DSM launches new cultures to boost yield in mozzarella production

Royal DSM has announced the launch of its new DelvoCheese CP-500 cultures for boosting the yield and resource efficiency of mozzarella cheese production. Capable of achieving a higher moisture content in mozzarella, the range increases yield by up to 1.3%, compared to the most commonly used Direct Vat Set (DVS) culture in the US. DSM says these cultures also enable cheesemakers to deliver products with superior taste and texture that consumers will enjoy and are ideal for creating mozzarella cheese for pizza, offering a mild buttery flavour, excellent stretch and melt behaviour and reduced browning.

The cheese industry has experienced a sharp rise in demand for mozzarella cheese in a range of product formats, including shreds, slices and cubes. The global pizza cheese market, for instance, is expected to grow at a CAGR of 5.04% between 2020 and 20271, which will continue to fuel demand for mozzarella in the coming years, says DSM.

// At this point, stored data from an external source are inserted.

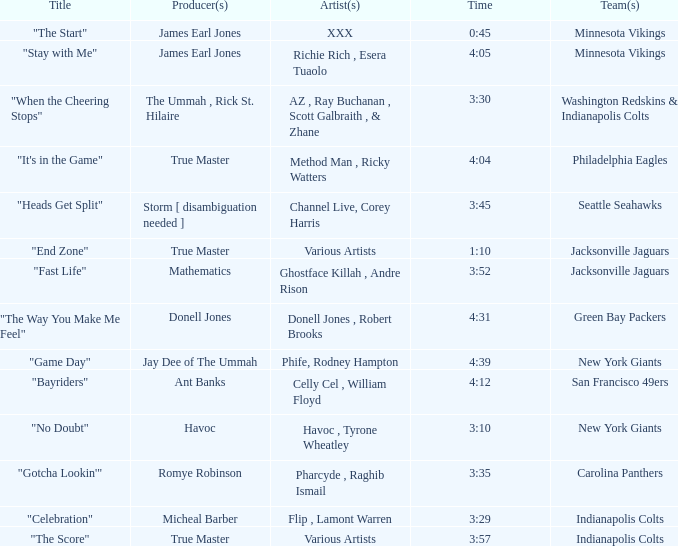Who is the artist of the New York Giants track "No Doubt"? Havoc , Tyrone Wheatley. 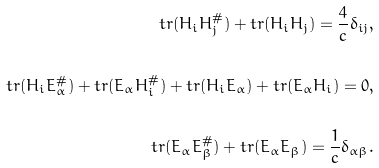Convert formula to latex. <formula><loc_0><loc_0><loc_500><loc_500>t r ( H _ { i } H _ { j } ^ { \# } ) + t r ( H _ { i } H _ { j } ) = \frac { 4 } { c } \delta _ { i j } , \\ \\ t r ( H _ { i } E _ { \alpha } ^ { \# } ) + t r ( E _ { \alpha } H _ { i } ^ { \# } ) + t r ( H _ { i } E _ { \alpha } ) + t r ( E _ { \alpha } H _ { i } ) = 0 , \\ \\ t r ( E _ { \alpha } E _ { \beta } ^ { \# } ) + t r ( E _ { \alpha } E _ { \beta } ) = \frac { 1 } { c } \delta _ { \alpha \beta } .</formula> 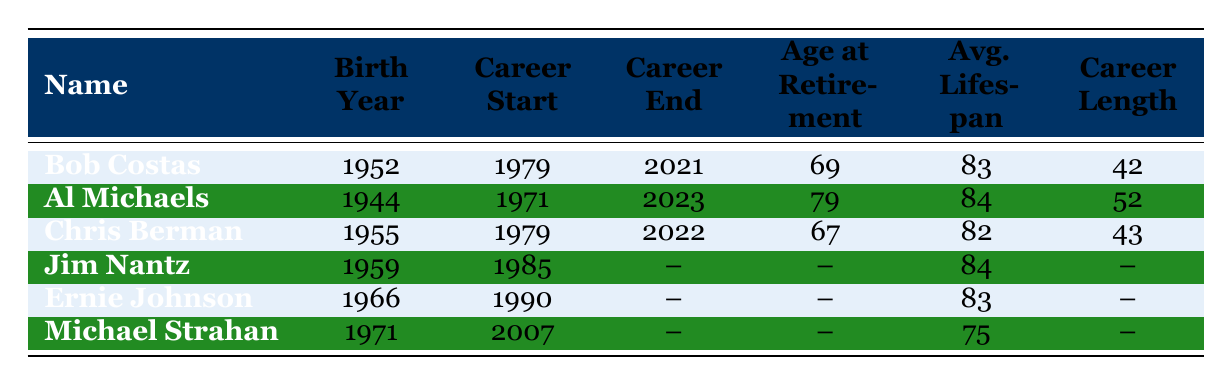What is the average lifespan of Bob Costas? Bob Costas has an average lifespan of 83 years, as indicated in the table under the "Avg. Lifespan" column next to his name.
Answer: 83 What year did Al Michaels start his career? Al Michaels began his career in 1971, which can be found in the "Career Start" column next to his name.
Answer: 1971 Is Jim Nantz's career still ongoing? Jim Nantz's career end year is listed as null, indicating he has not officially retired yet, so his career is still ongoing.
Answer: Yes Who had a longer career, Chris Berman or Ernie Johnson? Chris Berman's career length is indicated as 43 years (1979-2022), while Ernie Johnson has no recorded end year, making it impossible to determine his total career length based on the available data. Therefore, we can't directly compare the two.
Answer: Cannot determine What is the difference in average lifespan between Al Michaels and Michael Strahan? Al Michaels has an average lifespan of 84 years, while Michael Strahan has an average lifespan of 75 years. The difference is calculated by subtracting Strahan's lifespan from Michaels', giving us 84 - 75 = 9.
Answer: 9 How many commentators have an average lifespan above 82? Analyzing the table, the commentators with an average lifespan above 82 are Al Michaels (84), Jim Nantz (84), Ernie Johnson (83), and Bob Costas (83). Counting these names gives us a total of 4 commentators.
Answer: 4 Did any commentator retire at age 67? Yes, Chris Berman retired at age 67 as noted in the "Age at Retirement" column next to his name.
Answer: Yes What is the average age at retirement for the commentators listed? The ages at retirement for the commentators who have that information are 69, 79, 67, and potentially Jim Nantz and Ernie Johnson who are still active. The average can be calculated by summing the ages (69 + 79 + 67) = 215, and dividing by 3 gives us 215 / 3 = 71.67, which rounds to approximately 72.
Answer: 72 Which commentator has the longest career length? Al Michaels has the longest career length of 52 years, as his career started in 1971 and continues to the present year of 2023.
Answer: 52 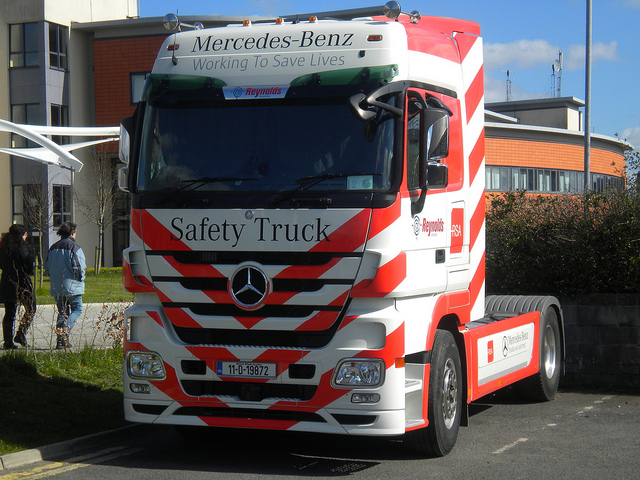Extract all visible text content from this image. Mercedes- Benz Working To Save Lives Res Reynolds 19872 0 11 Truck Safety 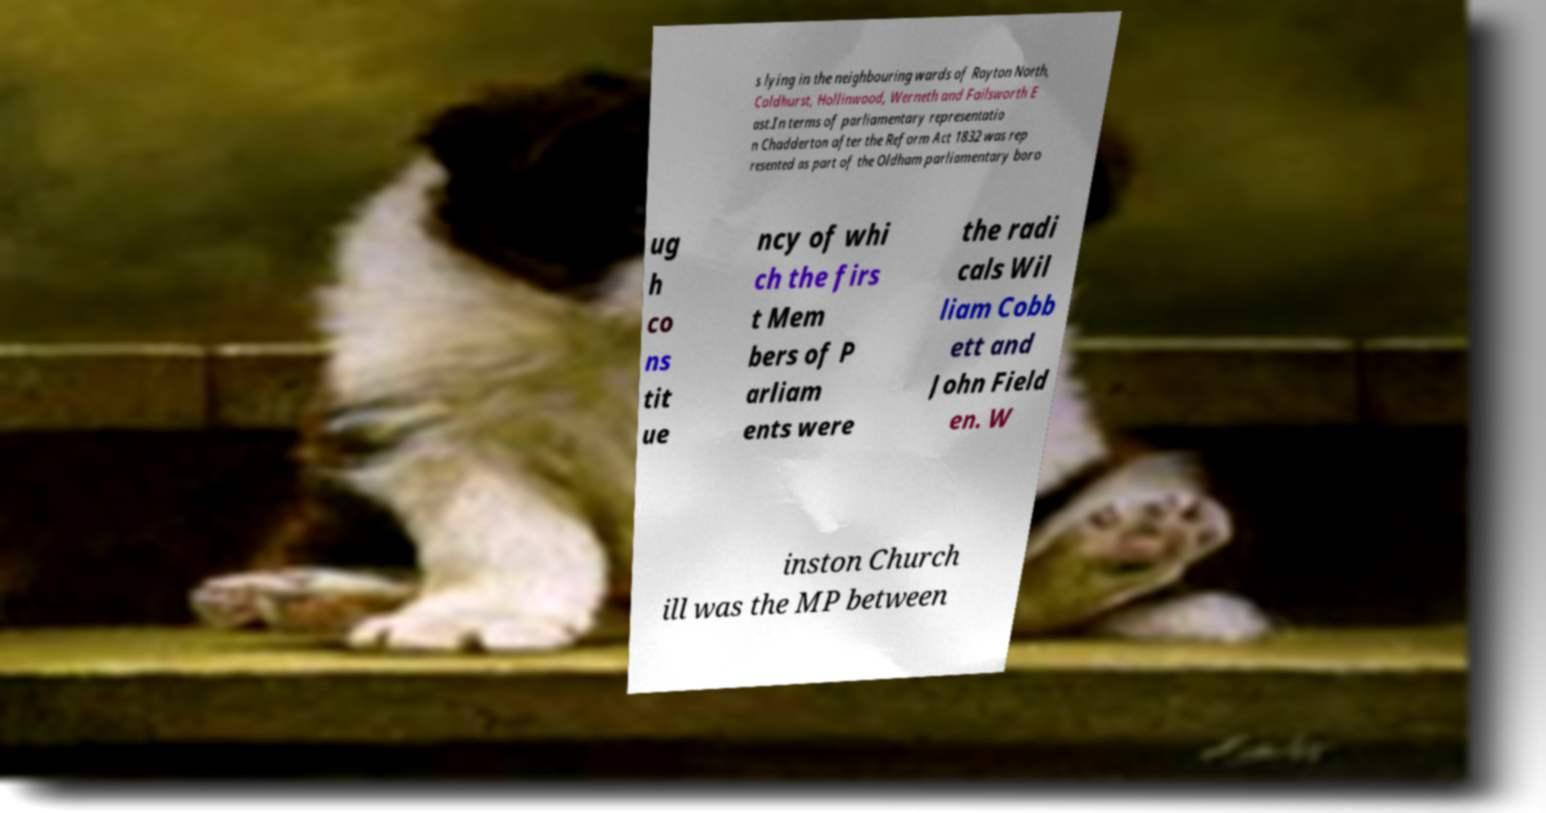For documentation purposes, I need the text within this image transcribed. Could you provide that? s lying in the neighbouring wards of Royton North, Coldhurst, Hollinwood, Werneth and Failsworth E ast.In terms of parliamentary representatio n Chadderton after the Reform Act 1832 was rep resented as part of the Oldham parliamentary boro ug h co ns tit ue ncy of whi ch the firs t Mem bers of P arliam ents were the radi cals Wil liam Cobb ett and John Field en. W inston Church ill was the MP between 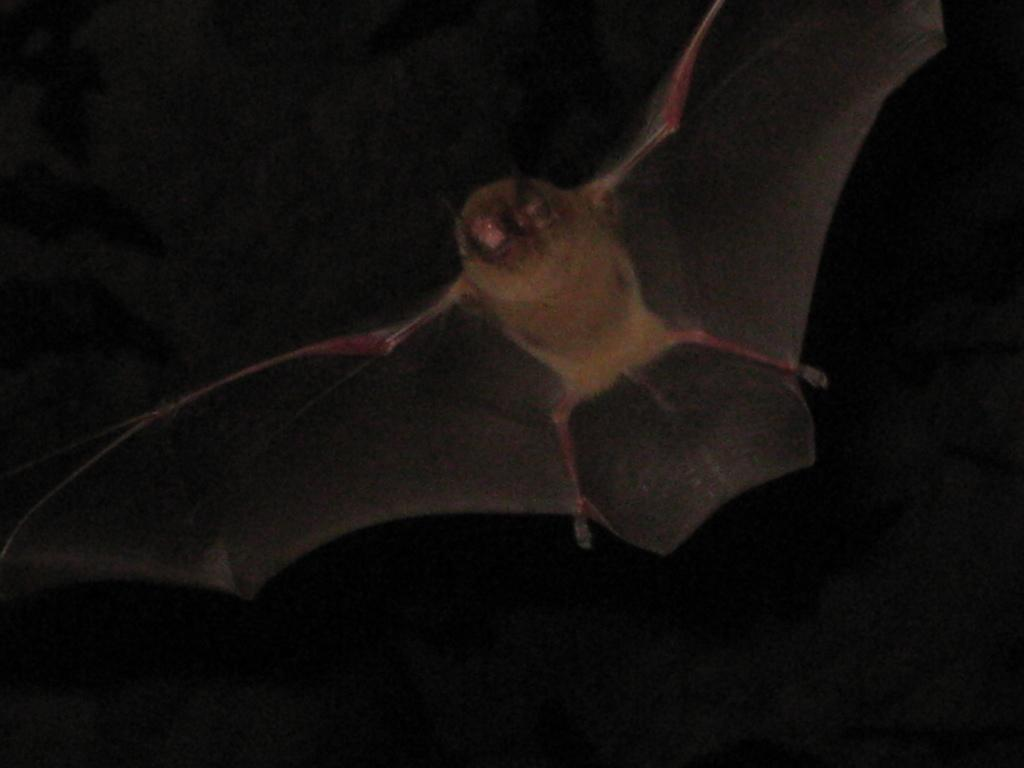What animal is present in the image? There is a bat in the image. What type of bird is sitting on the table during the meal in the image? There is no bird or meal present in the image; it features a bat. What type of wren can be seen in the image? There is no wren present in the image; it features a bat. 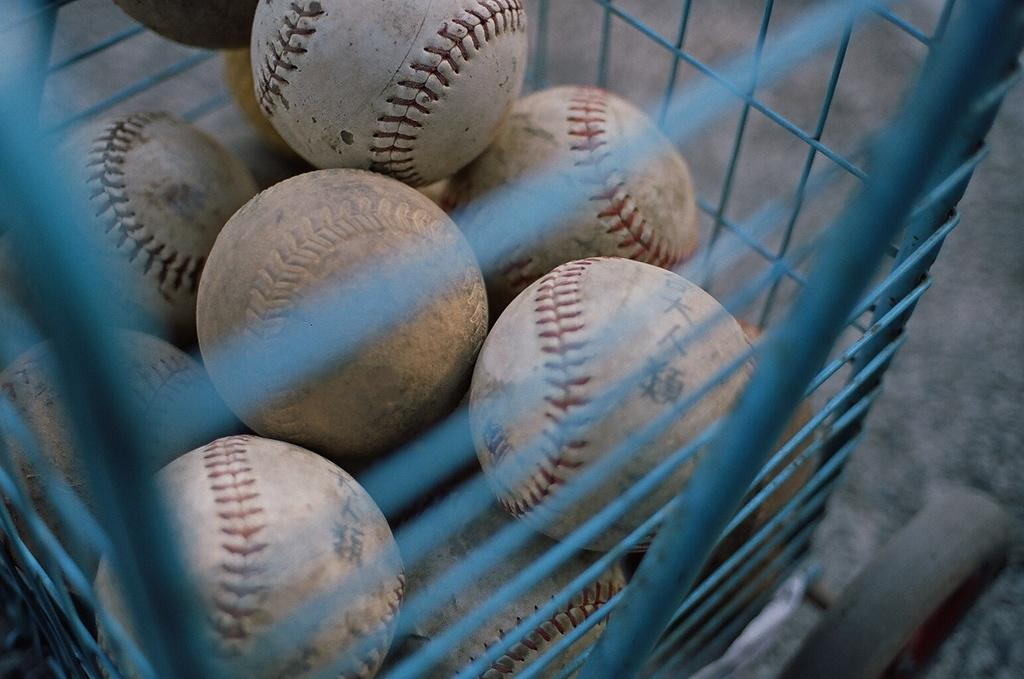What objects are present in the image? There are balls in the image. Where are the balls located? The balls are in a grill trolley. What type of hat is being used to cook the stew in the image? There is no hat or stew present in the image; it features balls in a grill trolley. What color is the sweater worn by the person holding the balls in the image? There is no person or sweater present in the image; it only features balls in a grill trolley. 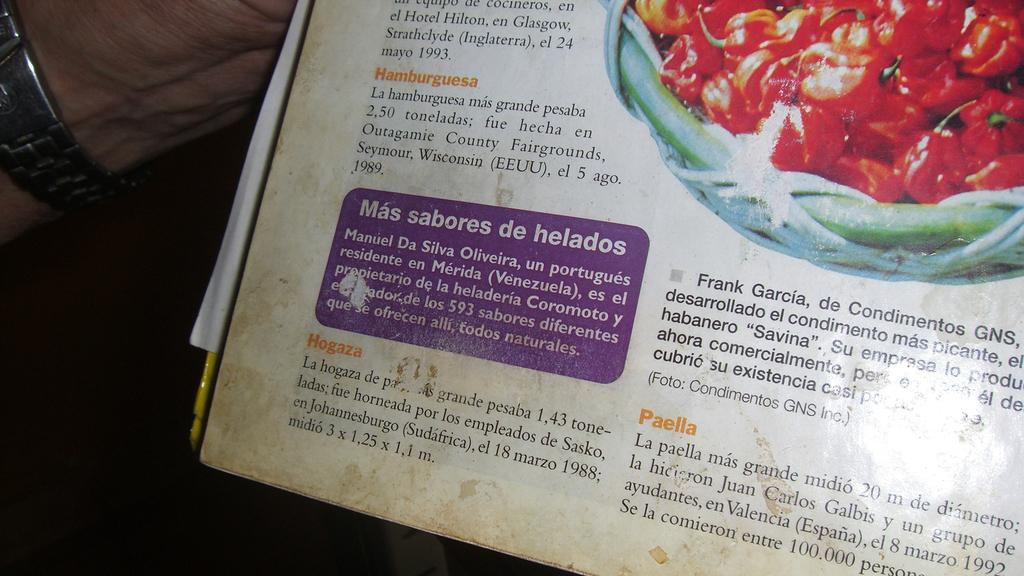<image>
Summarize the visual content of the image. A purple box on a book page says "mas sabores de helados".

Commercial testing has reportedly shown that DSM’s DelvoCheese CP-500 range enables cheese makers to increase moisture content, offering the fast acidification expected by producers and a consistent performance in terms of texture — maximising yield and improving consumer pizza eating experience. When combined with DSM’s Maxiren XDS fermented chymosin coagulants, the range enhances yield further, allowing manufacturers to optimise raw material efficiency and achieve high whey quality.

“It can be a complex challenge for cheesemakers to meet rising consumer demand for high-quality mozzarella cheese products, while continuing to be economically and operationally efficient,” said Evandro Oliveira de Souza, business lead for cheese at DSM.

“We’re committed to offering unique, stand-out products that not only look and taste good, but are also better for both consumers and customers. For that reason, DSM is delighted to introduce this new extension of our portfolio of culture solutions, which will help our customers set a new stand-ard for yield in cheese production and deliver market-leading end products.”